Yesterday was a long day - I spoke too soon about having relatively easy days left.. The opening scene consisted of lots of setups and light changes, even after we tried to simplify the movements. We worked the full 12 hours, ending slightly after 3am.
It was a chaotic day for me. I was a lot more exhausted than usual and felt unprepared. It was one of those figure-out-as-you-go kind of days, and getting started was overwhelming. My apt is a big blob of mess, a swamp of crafty bags and tables, lights and equipment, and trash. ‘Producer Dave’ has been very helpful in clearing things out of the way, but I wish I had a few of my own clones, so I don’t have to tell people what to do and do things myself.

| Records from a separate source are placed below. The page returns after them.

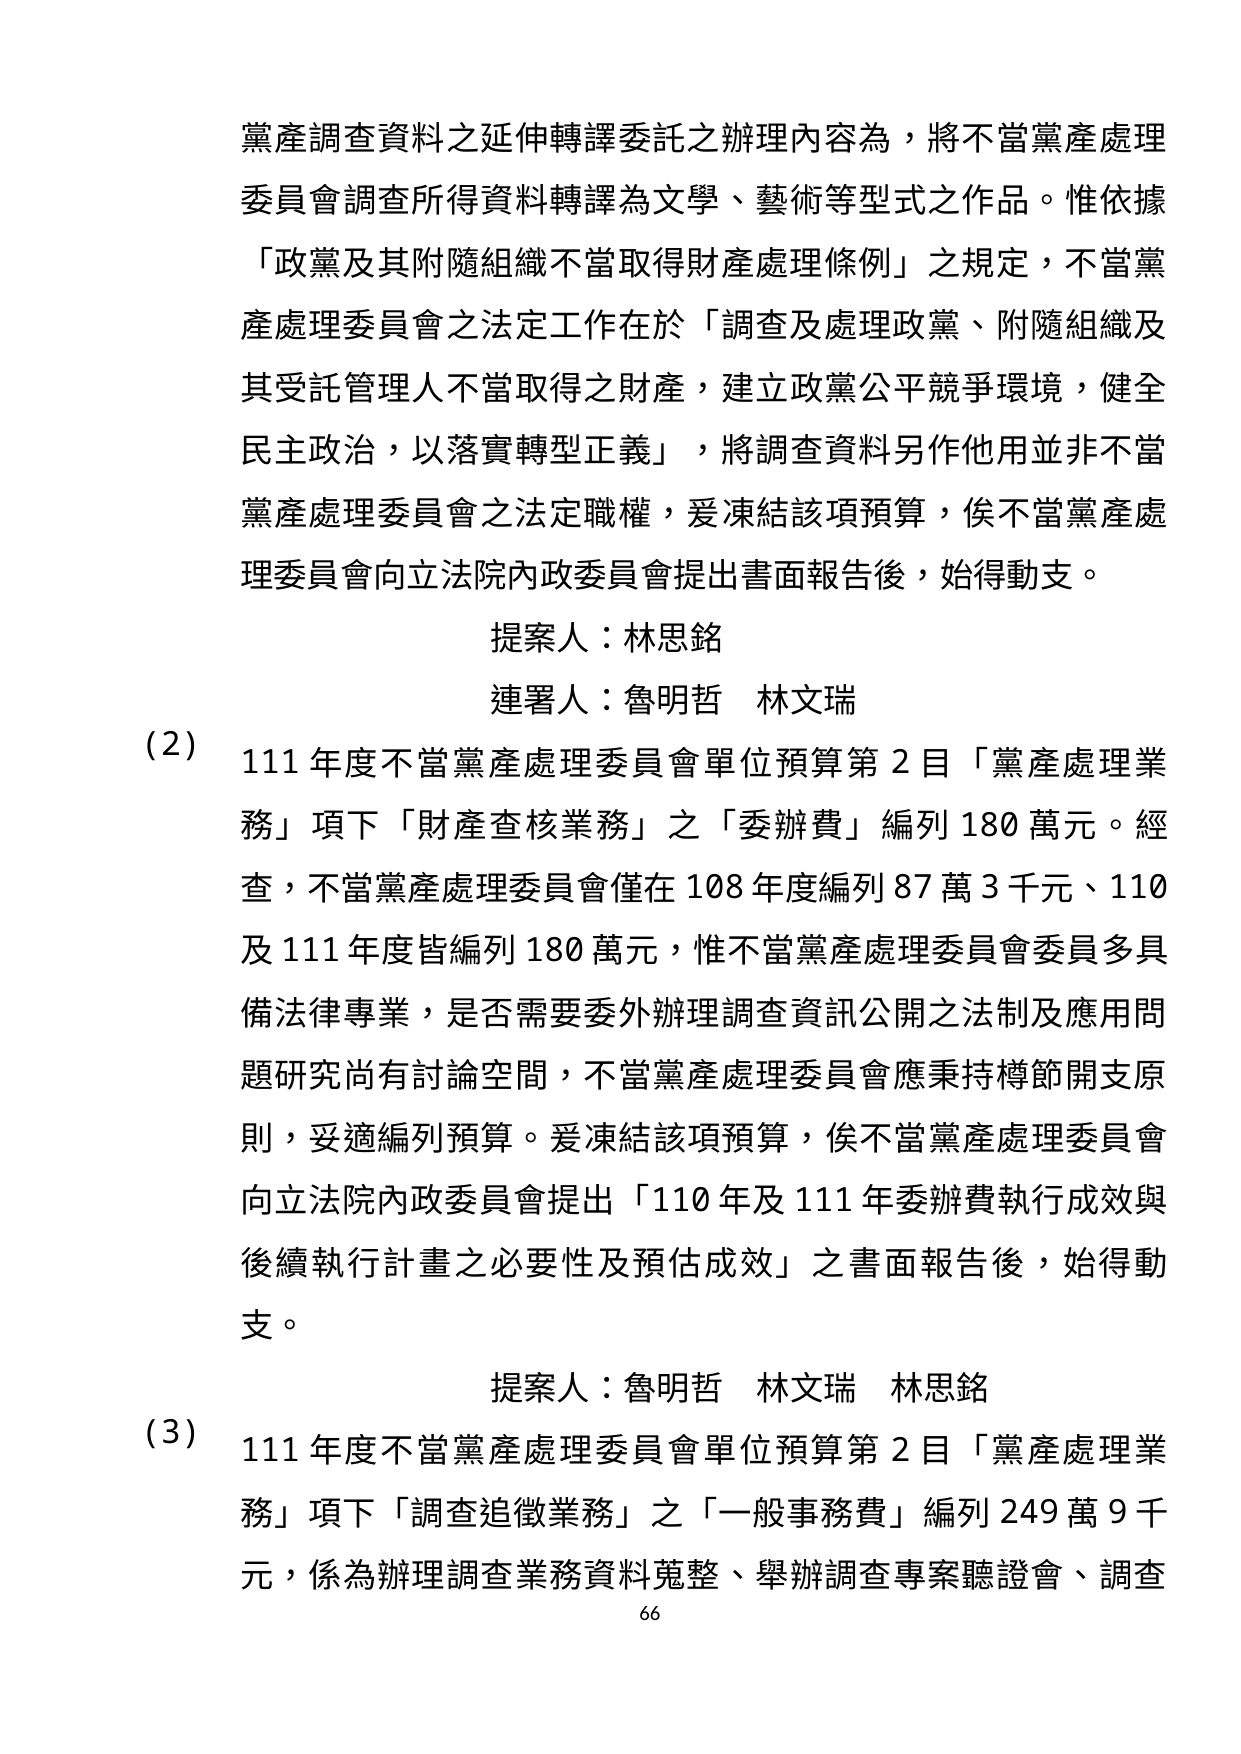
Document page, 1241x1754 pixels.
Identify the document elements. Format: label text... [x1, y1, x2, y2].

table_cell 111年度不當黨產處理委員會單位預算第2目「黨產處理業務」項下「調查追徵業務」之「一般事務費」編列249萬9千元，係為辦理調查業務資料蒐整、舉辦調查專案聽證會、調查 [229, 1407, 1174, 1594]
table_header [129, 94, 228, 719]
table_cell [129, 719, 228, 1407]
table_header 黨產調查資料之延伸轉譯委託之辦理內容為，將不當黨產處理委員會調查所得資料轉譯為文學、藝術等型式之作品。惟依據「政黨及其附隨組織不當取得財產處理條例」之規定，不當黨產處理委員會之法定工作在於「調查及處理政黨、附隨組織及其受託管理人不當取得之財產，建立政黨公平競爭環境，健全民主政治，以落實轉型正義」，將調查資料另作他用並非不當黨產處理委員會之法定職權，爰凍結該項預算，俟不當黨產處理委員會向立法院內政委員會提出書面報告後，始得動支。 提案人：林思銘 連署人：魯明哲 林文瑞 [229, 94, 1174, 719]
table_cell [129, 1407, 228, 1594]
table_cell 111年度不當黨產處理委員會單位預算第2目「黨產處理業務」項下「財產查核業務」之「委辦費」編列180萬元。經查，不當黨產處理委員會僅在108年度編列87萬3千元、110及111年度皆編列180萬元，惟不當黨產處理委員會委員多具備法律專業，是否需要委外辦理調查資訊公開之法制及應用問題研究尚有討論空間，不當黨產處理委員會應秉持樽節開支原則，妥適編列預算。爰凍結該項預算，俟不當黨產處理委員會向立法院內政委員會提出「110年及111年委辦費執行成效與後續執行計畫之必要性及預估成效」之書面報告後，始得動支。 提案人：魯明哲 林文瑞 林思銘 [229, 719, 1174, 1407]
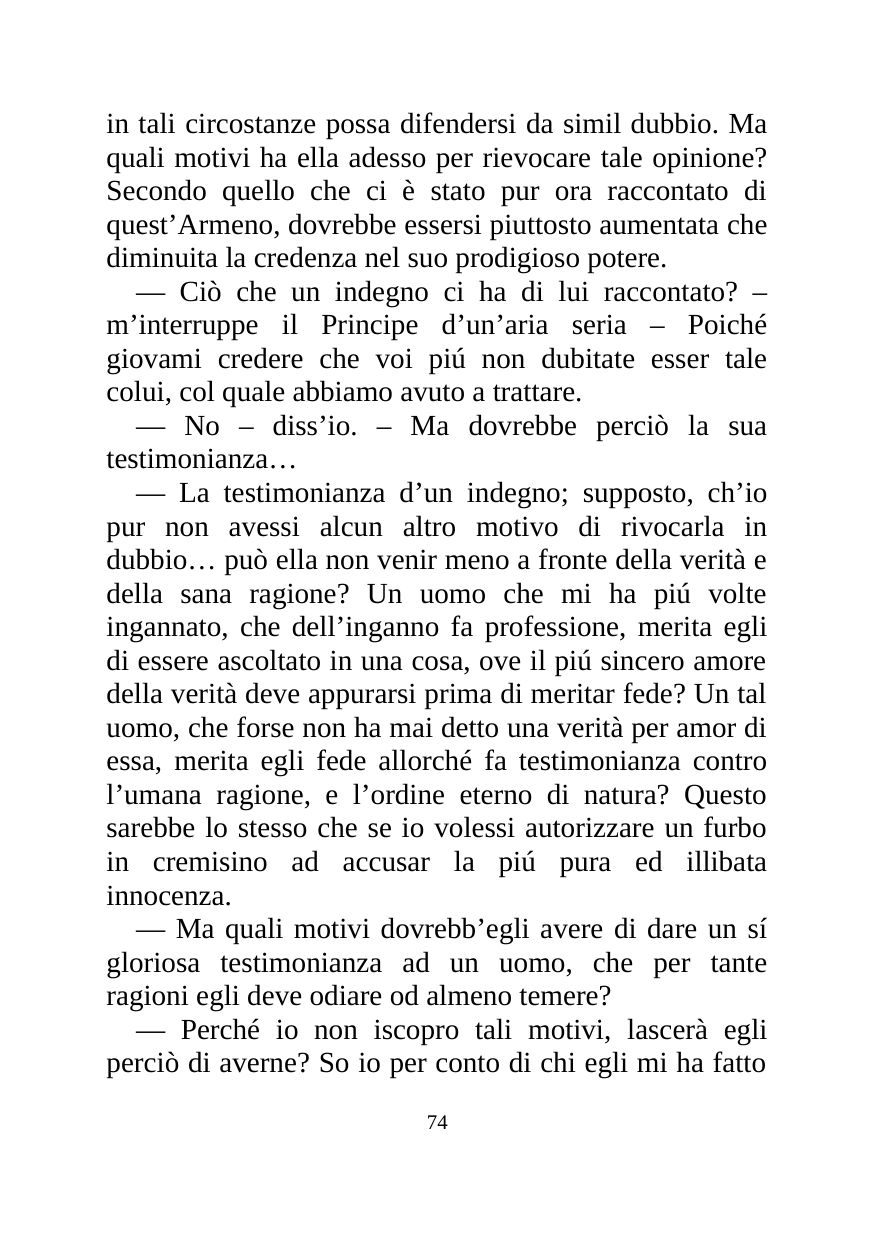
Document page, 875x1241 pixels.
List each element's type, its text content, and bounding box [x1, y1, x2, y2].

text — Perché io non iscopro tali motivi, lascerà egli perciò di averne? So io per conto di chi egli mi ha fatto [106, 1012, 768, 1079]
text — Ma quali motivi dovrebb’egli avere di dare un sí gloriosa testimonianza ad un uomo, che per tante ragioni egli deve odiare od almeno temere? [106, 911, 768, 1012]
text — No – diss’io. – Ma dovrebbe perciò la sua testimonianza… [106, 408, 768, 475]
text — La testimonianza d’un indegno; supposto, ch’io pur non avessi alcun altro motivo di rivocarla in dubbio… può ella non venir meno a fronte della verità e della sana ragione? Un uomo che mi ha piú volte ingannato, che dell’inganno fa professione, merita egli di essere ascoltato in una cosa, ove il piú sincero amore della verità deve appurarsi prima di meritar fede? Un tal uomo, che forse non ha mai detto una verità per amor di essa, merita egli fede allorché fa testimonianza contro l’umana ragione, e l’ordine eterno di natura? Questo sarebbe lo stesso che se io volessi autorizzare un furbo in cremisino ad accusar la piú pura ed illibata innocenza. [106, 475, 768, 911]
text — Ciò che un indegno ci ha di lui raccontato? – m’interruppe il Principe d’un’aria seria – Poiché giovami credere che voi piú non dubitate esser tale colui, col quale abbiamo avuto a trattare. [106, 274, 768, 408]
text in tali circostanze possa difendersi da simil dubbio. Ma quali motivi ha ella adesso per rievocare tale opinione? Secondo quello che ci è stato pur ora raccontato di quest’Armeno, dovrebbe essersi piuttosto aumentata che diminuita la credenza nel suo prodigioso potere. [106, 106, 768, 274]

Yesterday was also one of those days where I wished I wasn’t producing. I’ve been pretty meticulous about my producing duties, but yesterday, I felt completely out of my element. At this point, I just don’t want to deal with things that could wait. ‘Producer Dave’ is taking care of a lot of the immediate stuff, so I think I’m covered for now.
We begin our BSM NYC day 6 in less than 3 hours. All the scenes are in the bedroom today, and as of now, the room looks like it’s been bombed. I need to start cleaning up. Seriously. Filmmaking is so much manual labor.
I feel like a mess. I am really eager to finish so I can sleep. But at the same time, I’m starting to feel the rush of ‘empty nest syndrome’ sadness. Matt is going back to Boston, Moses to Seattle, Derek to Toronto, and Philipp is leaving to Germany for a while. It might be months or even years before my BSM fam gets together again, and my heart feels tight - could be my strong coffee this morning, but still. It literally hurts a bit.
Before I start sulking, I need to get my ass moving. Lots to do today. Gonna change up ‘lunch’ menu a bit - want my cast & crew happy.. I love you BSM cast & crew. Why are you so good to me?